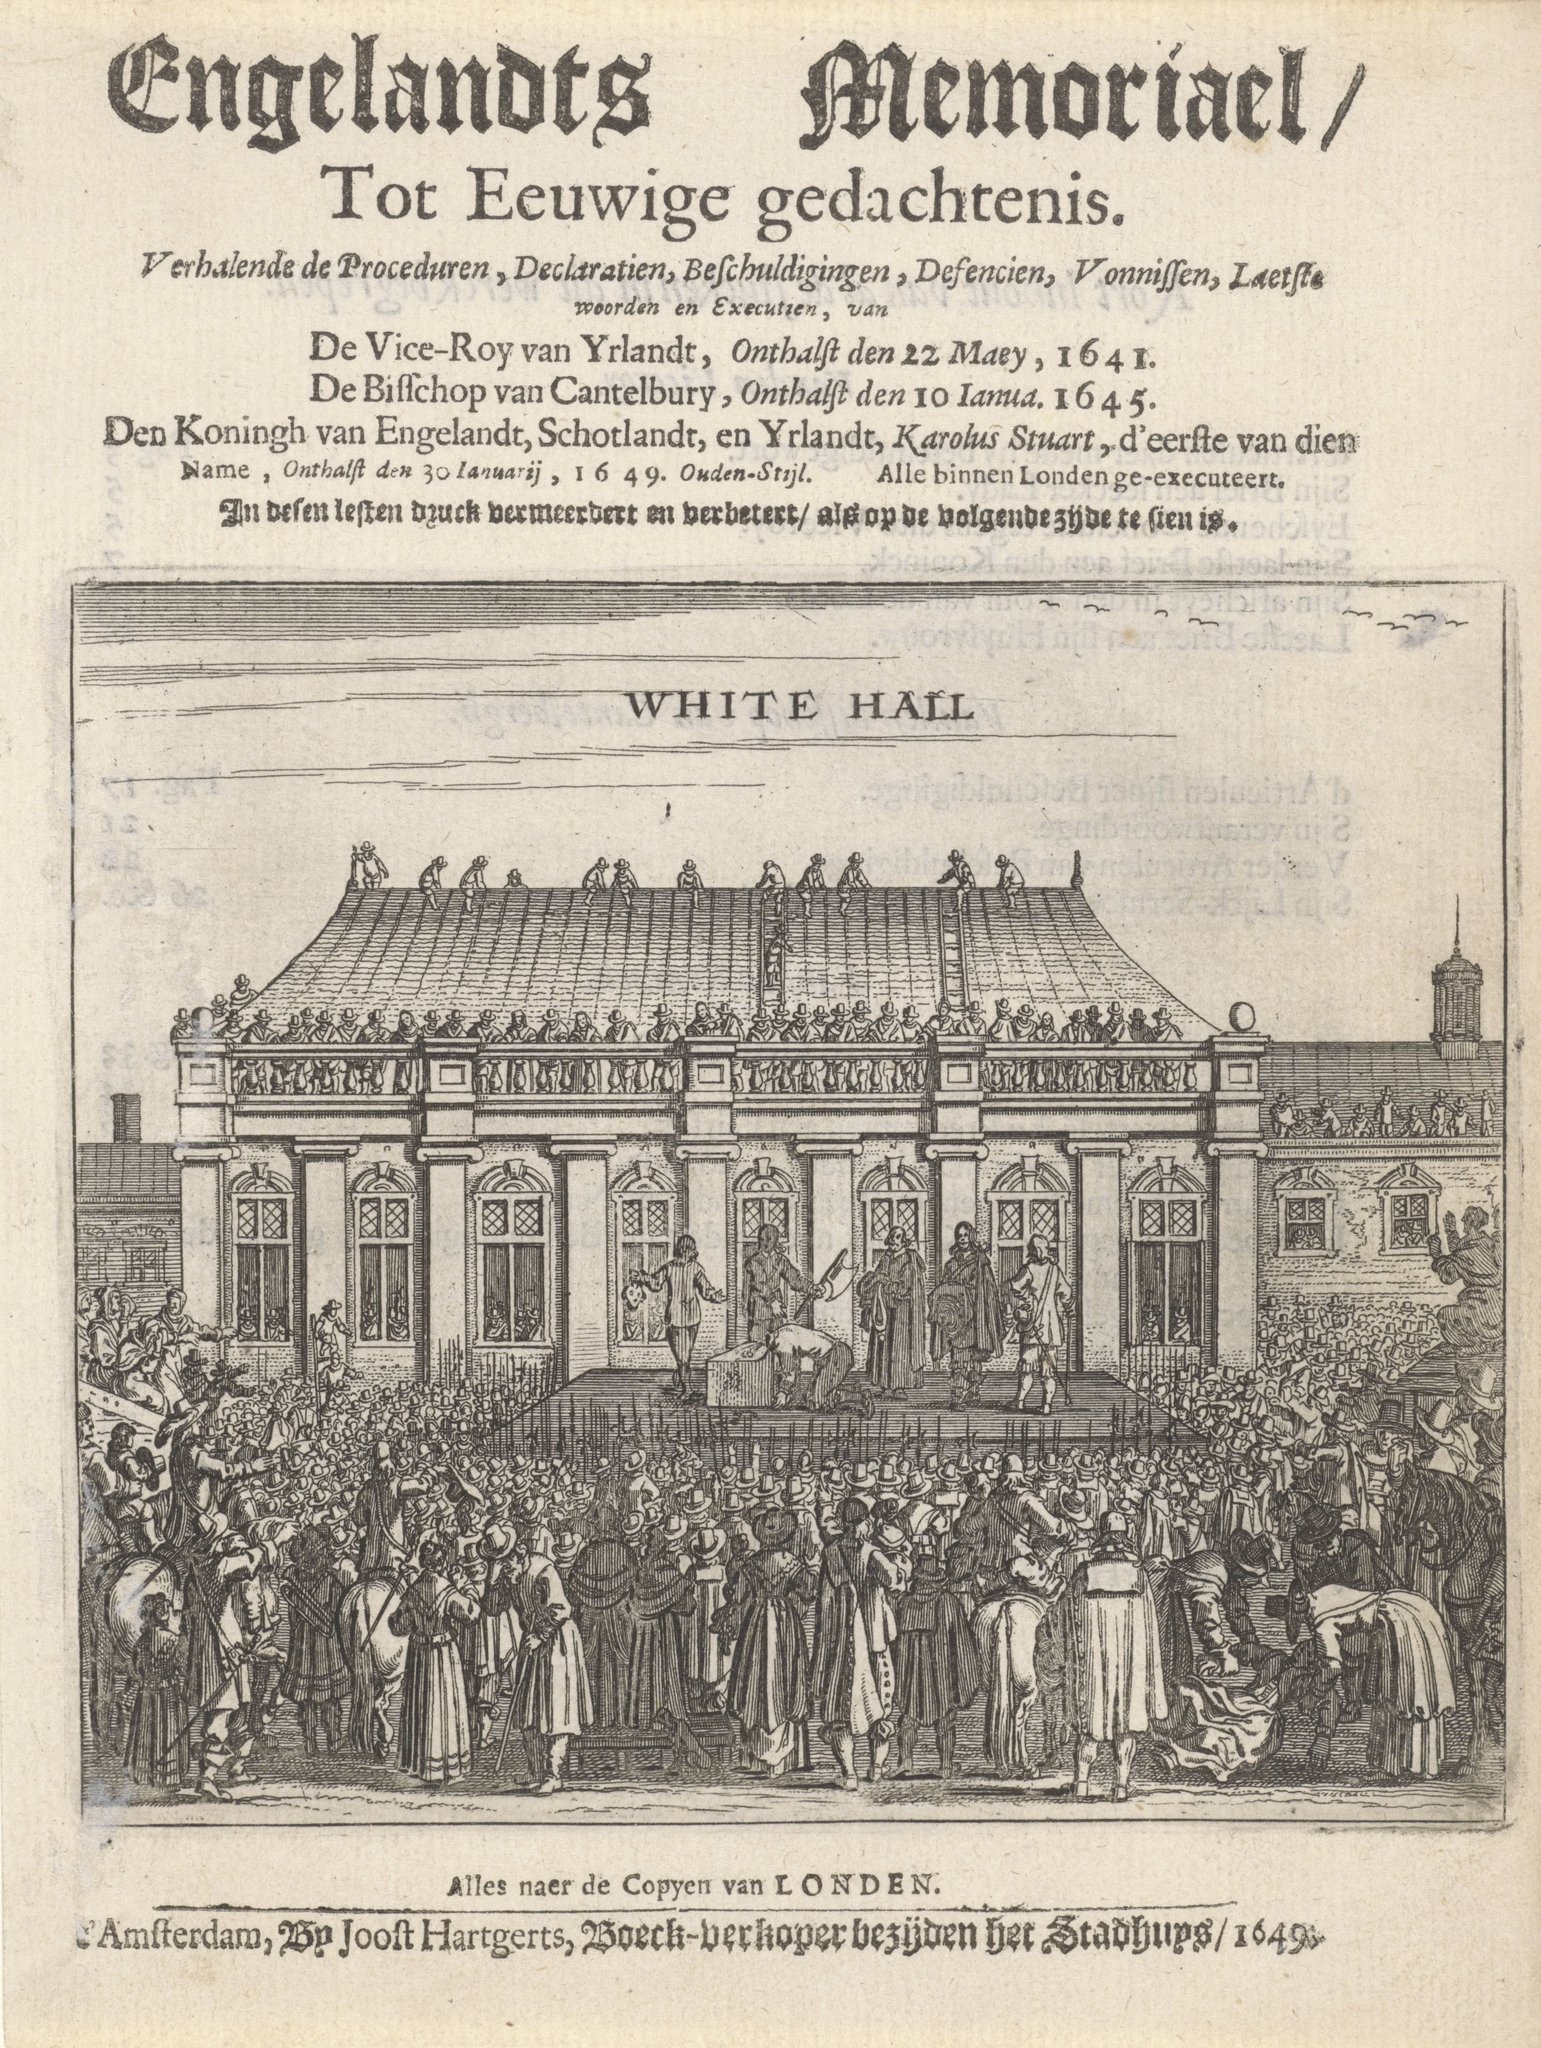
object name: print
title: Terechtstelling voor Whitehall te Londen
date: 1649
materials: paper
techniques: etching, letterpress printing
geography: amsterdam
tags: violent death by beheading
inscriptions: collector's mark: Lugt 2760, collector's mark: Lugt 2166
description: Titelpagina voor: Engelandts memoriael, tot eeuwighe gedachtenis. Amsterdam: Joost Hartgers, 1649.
○ ○ ○ ○
TRY IT ▸ From the line containing "materials: paper" through the final line of the listing above, retype every line exactly; leave out everything else.

TASK SOLUTION ▸
materials: paper
techniques: etching, letterpress printing
geography: amsterdam
tags: violent death by beheading
inscriptions: collector's mark: Lugt 2760, collector's mark: Lugt 2166
description: Titelpagina voor: Engelandts memoriael, tot eeuwighe gedachtenis. Amsterdam: Joost Hartgers, 1649.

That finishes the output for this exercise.